Il lancio di martedì ha confermato come provocazioni e contro-provocazioni in Asia nord-orientale abbiano fatto segnare una drammatica accelerazione a partire dall’inizio dell’anno. Per il governo di Seoul, la Corea del Nord avrebbe già portato a termine 13 lanci nel corso del 2017. Un’impennata dell’attività missilistica del regime che, al contrario di quanto propone la versione ufficiale USA e dei media occidentali, è in larga misura il riflesso dell’atteggiamento sempre più ostile dell’amministrazione Trump nei confronti di Pyongyang.

L’aggressività americana, a cui l’isolato regime stalinista non può che rispondere con azioni come quella di martedì che infiammano ancor più gli scenari coreani, è direttamente collegata alla strategia marcatamente anti-cinese di Washington. Essa non prevede una distensione con la Corea del Nord, bensì un’escalation del confronto che giustifichi una presenza militare sempre più minacciosa ai confini cinesi.

La cattiva fede e la pericolosità degli Stati Uniti nell’approccio alla crisi coreana sono d’altra parte confermate dai fatti delle ultime settimane.

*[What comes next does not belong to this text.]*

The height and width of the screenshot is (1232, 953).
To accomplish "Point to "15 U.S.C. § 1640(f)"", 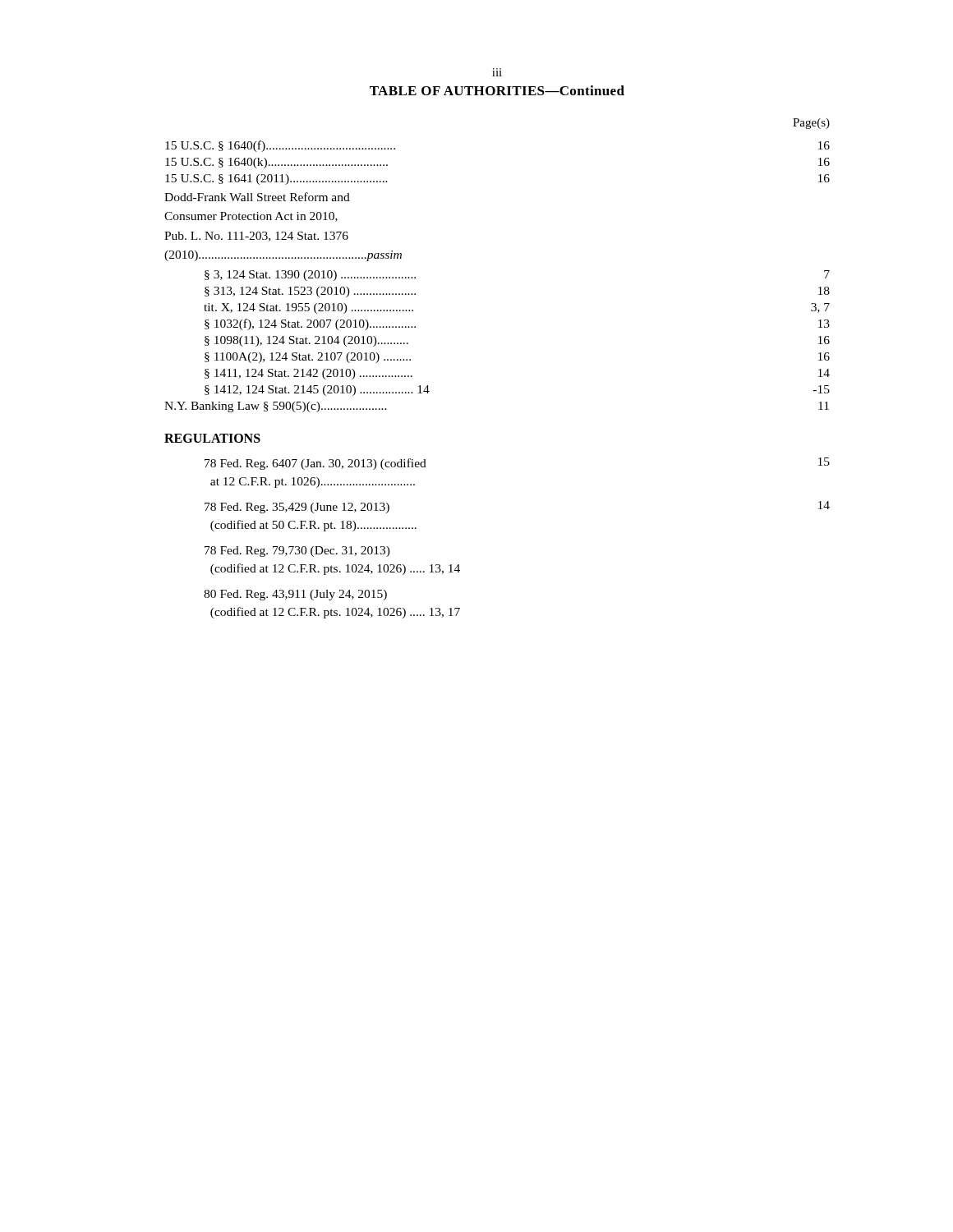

Ad esempio, dopo che Russia e Cina avevano acconsentito ad approvare ulteriori sanzioni contro Pyongyang in un gesto di disponibilità nei confronti di Washington, per tutta risposta l’amministrazione Trump ha adottato misure punitive contro “entità” e individui russi e cinesi, accusati di fare affari con la Corea del Nord e di favorire il programma nucleare e missilistico del regime.

Se sono in molti a credere che uno scontro militare nella penisola di Corea sia tutt’altro che imminente, la condotta americana continua tuttavia ad andare in direzione contraria al contenimento della crisi, rappresentando piuttosto una minaccia sempre più seria alla stabilità del nord-est asiatico se non dell’intero pianeta.